How about the scientific innovations? It is impossible to list all innovations in the present context. In terms of methodology, innovations were based on the serious consideration of and alignment with the customer orientation. Customers of a classification system include the global clinicians or practitioners, as well as the patients or clients in the health care system – Both of these groups were involved throughout the entire process. Furthermore, survey studies were conducted with the World Associations of Psychologists and Psychiatrists to ask about previous diagnostic habits, as well as missing, problematic, and stigmatizing diagnoses (Robles et al., 2014). The results of these studies were implemented whenever possible. For example, 12% of these studies (of over 3200 clinicians from 13 countries across six continents) indicated a need for a diagnosis that went beyond "classic" PTSD to include more complex trauma sequelae. This finding informed the development of the diagnosis of complex PTSD that now exists in ICD-11 (see the paper in this Special Issue). Moreover, the patients or people affected by the disorders were also involved in the feedback process of the ICD-11 development (Hackmann et al., 2019).

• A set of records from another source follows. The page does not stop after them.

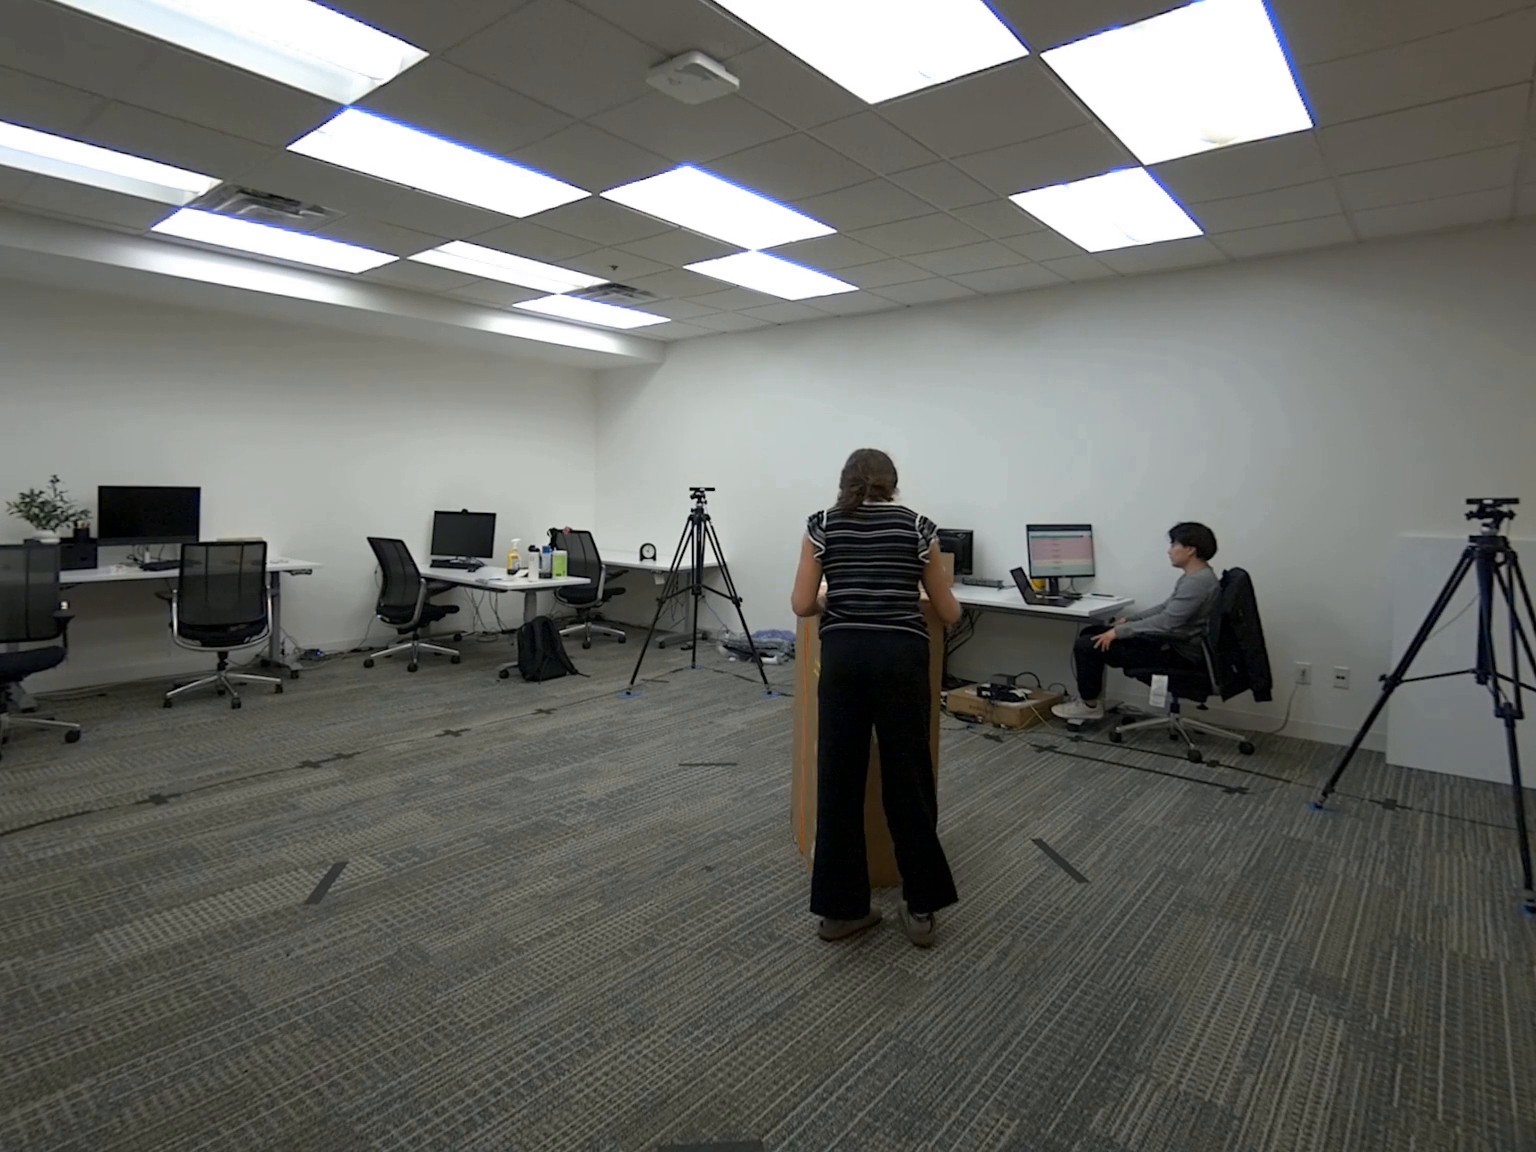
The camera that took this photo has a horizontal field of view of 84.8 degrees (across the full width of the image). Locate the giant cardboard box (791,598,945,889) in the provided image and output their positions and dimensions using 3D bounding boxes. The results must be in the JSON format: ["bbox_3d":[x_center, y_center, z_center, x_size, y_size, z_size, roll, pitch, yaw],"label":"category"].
[{"bbox_3d":[0.345,0.556,3.246,0.424,1.023,0.582,1,3,-6],"label":"giant cardboard box"}]
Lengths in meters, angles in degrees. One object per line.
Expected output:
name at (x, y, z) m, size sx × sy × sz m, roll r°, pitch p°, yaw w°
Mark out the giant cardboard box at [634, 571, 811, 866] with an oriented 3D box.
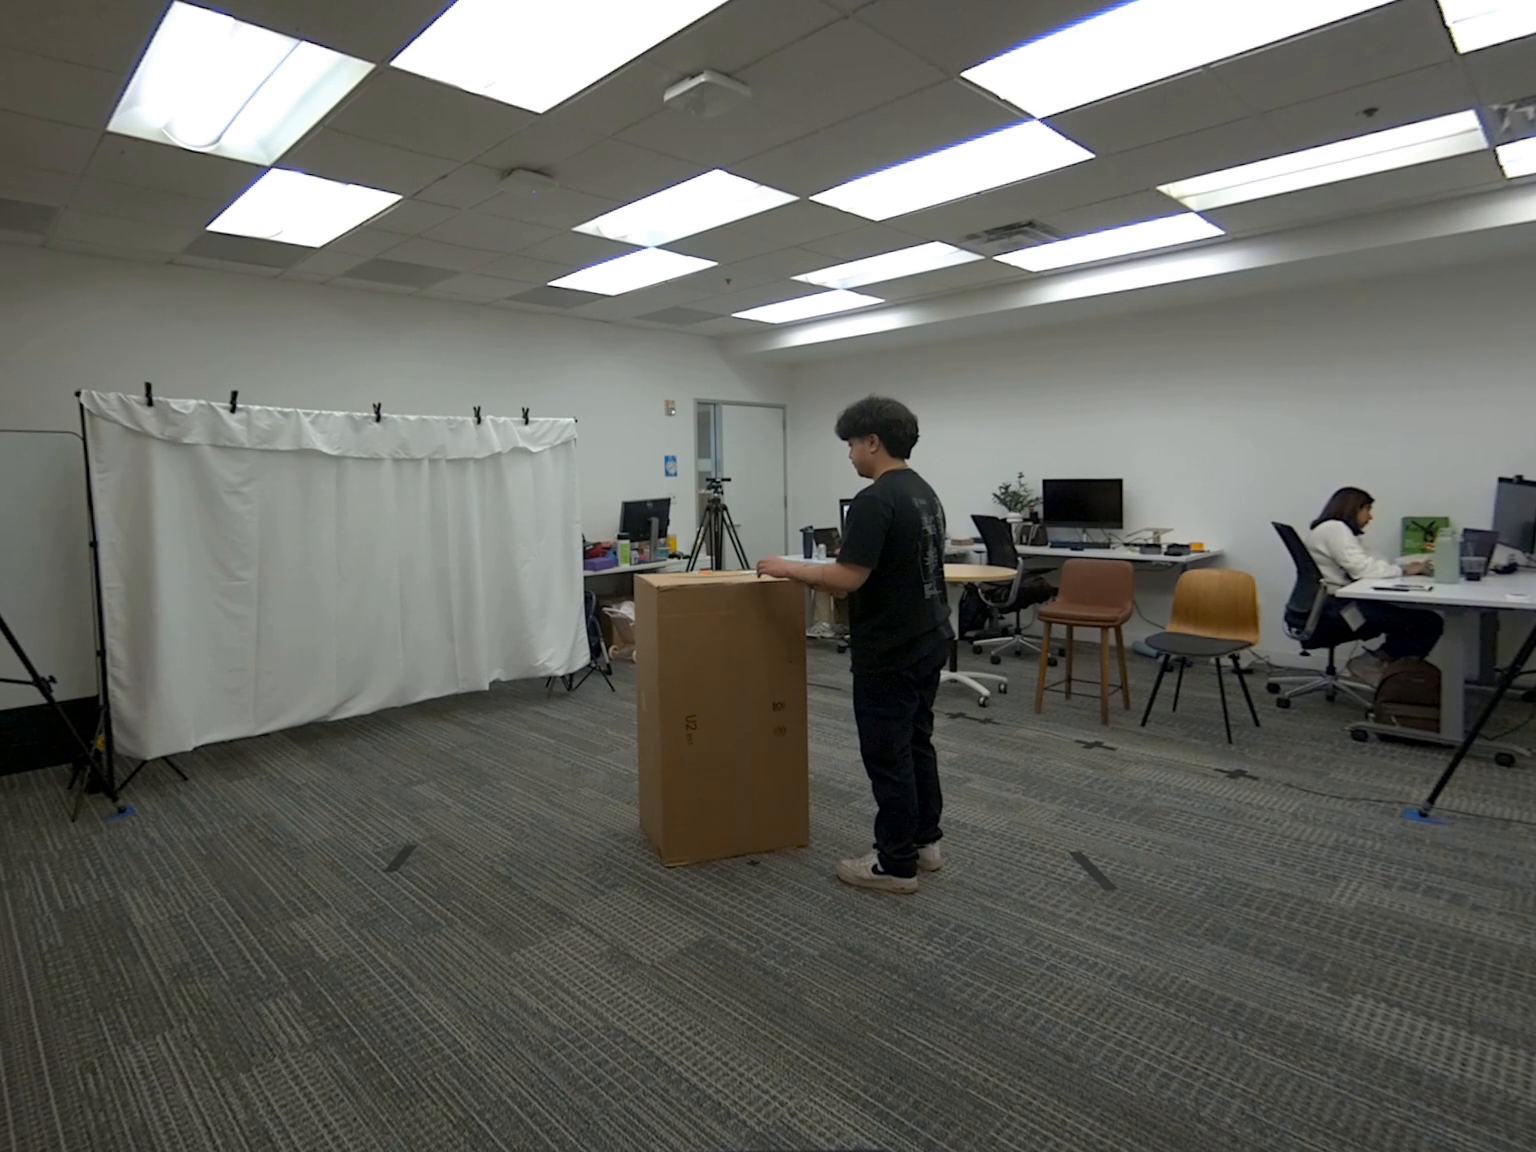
giant cardboard box at (-0.189, 0.506, 3.332) m, size 0.575 × 1.024 × 0.455 m, roll -2°, pitch 4°, yaw -18°
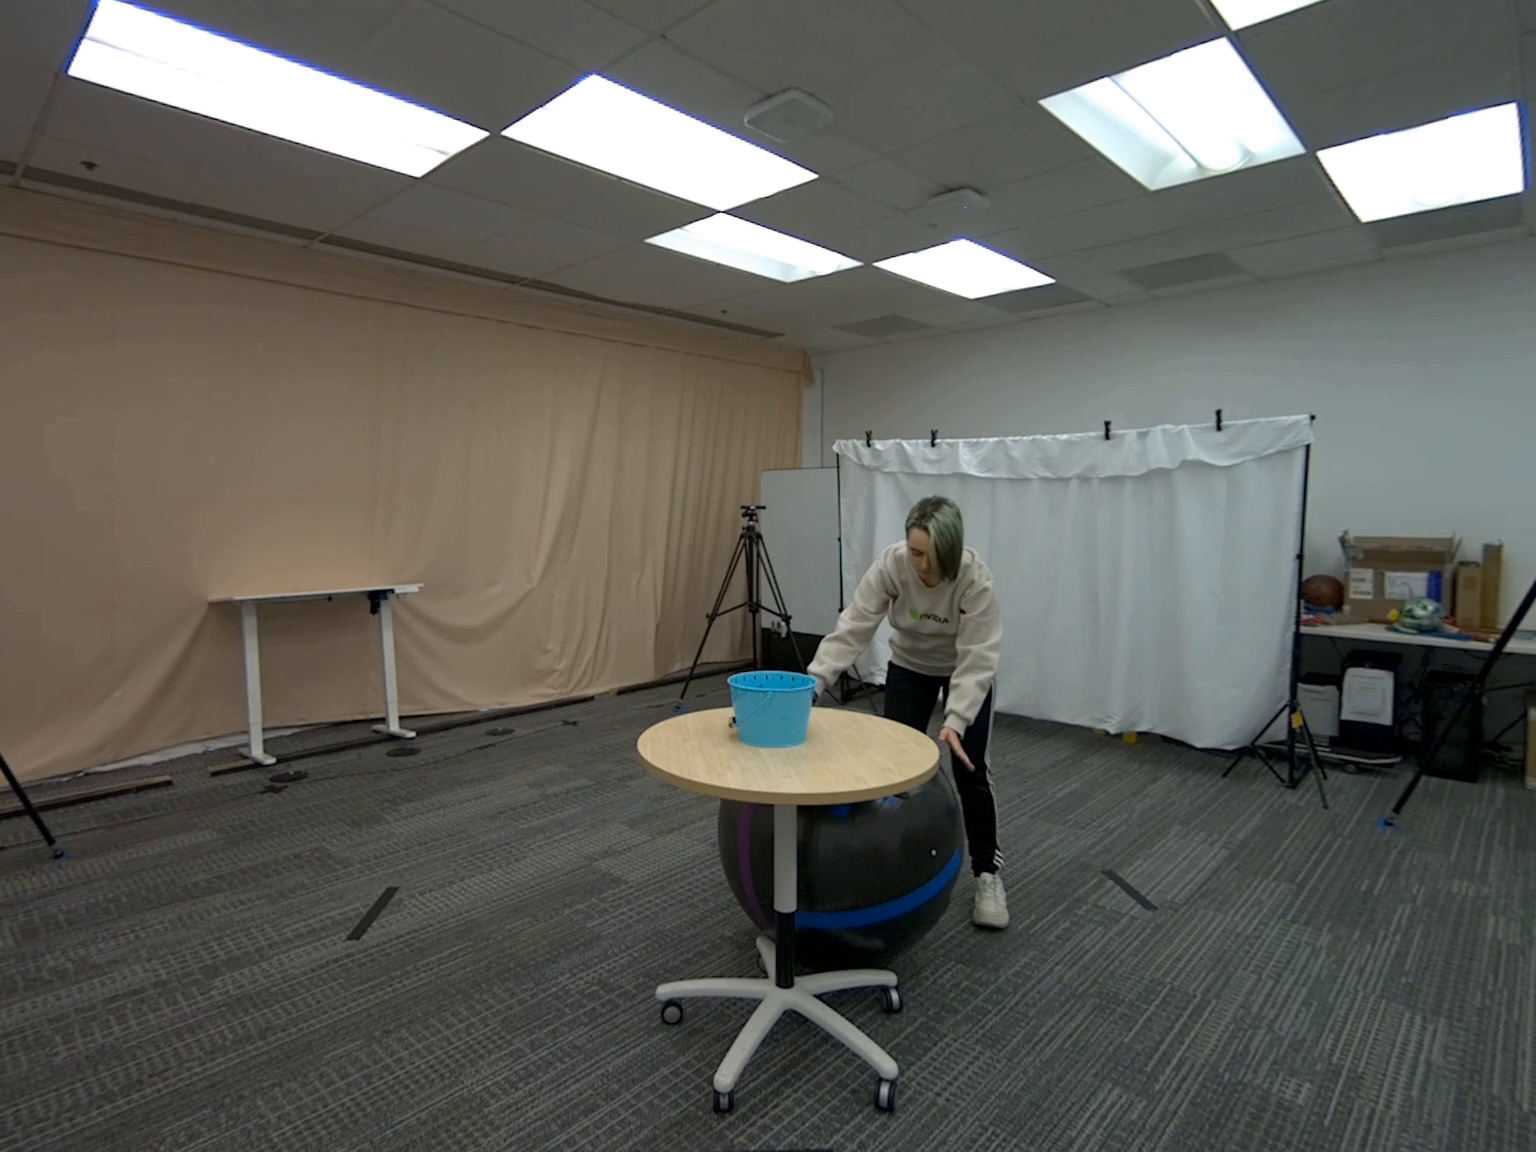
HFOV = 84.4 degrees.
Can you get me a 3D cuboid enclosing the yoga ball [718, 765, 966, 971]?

For the subsequent steps of ICD-11 finalization, the Global Clinical Practice Network (https://GCP.network) handled the involvement of global clinicians and practitioners. This network operates in nine world languages (including six European languages) and comprises approximately 10,000 people to date (operating in collaboration with Columbia University, New York). Beta versions of the new diagnostic proposals were submitted to this network in 2015, and for more recent surveys, the revised diagnoses were also submitted for further review. It is noteworthy to mention that one can also enroll in online continuing education courses in this network.
It is impossible to provide an overview of the various innovations and their details here, as they are too extensive for an overview. This Special Edition of Clinical Psychology in Europe (CPE) is very pleased to present five very different topic areas: The Autism Spectrum Disorder (which belongs to the Neurodevelopmental Disorders), the Disorders Specifically Associated with Stress (a separate subchapter), the Personality Disorders (also a separate subchapter), the Disorders of Substance Use (with the emphasis here on Alcohol Use and a smaller focus on Addictive Behaviors), as well as Chronic Pain (a separate, overarching subchapter).
It is very fortunate that our journal Clinical Psychology in Europe is addressing the topic of ICD-11 diagnoses, and as mentioned earlier, that many other regions of the world have already highlighted it as an area of particular prominence and innovation. It is interesting to note that the majority of international research activities on the individual disorders of ICD-11 come from outside the United States, with European research activities playing a prominent role. Not incidentally, these activities merge closely with WHO-sponsored programs on culturally appropriate interventions for global application (Heim & Kohrt, 2019; Heim et al., 2021). However, in recent years, there has also been an incipient trend of an increasing number of US studies being devoted to ICD-11 (e.g., Cloitre et al., 2019). CPE will certainly continue to have a focus on contributions related to this global classification system, which is equally useful for both clinicians and researchers.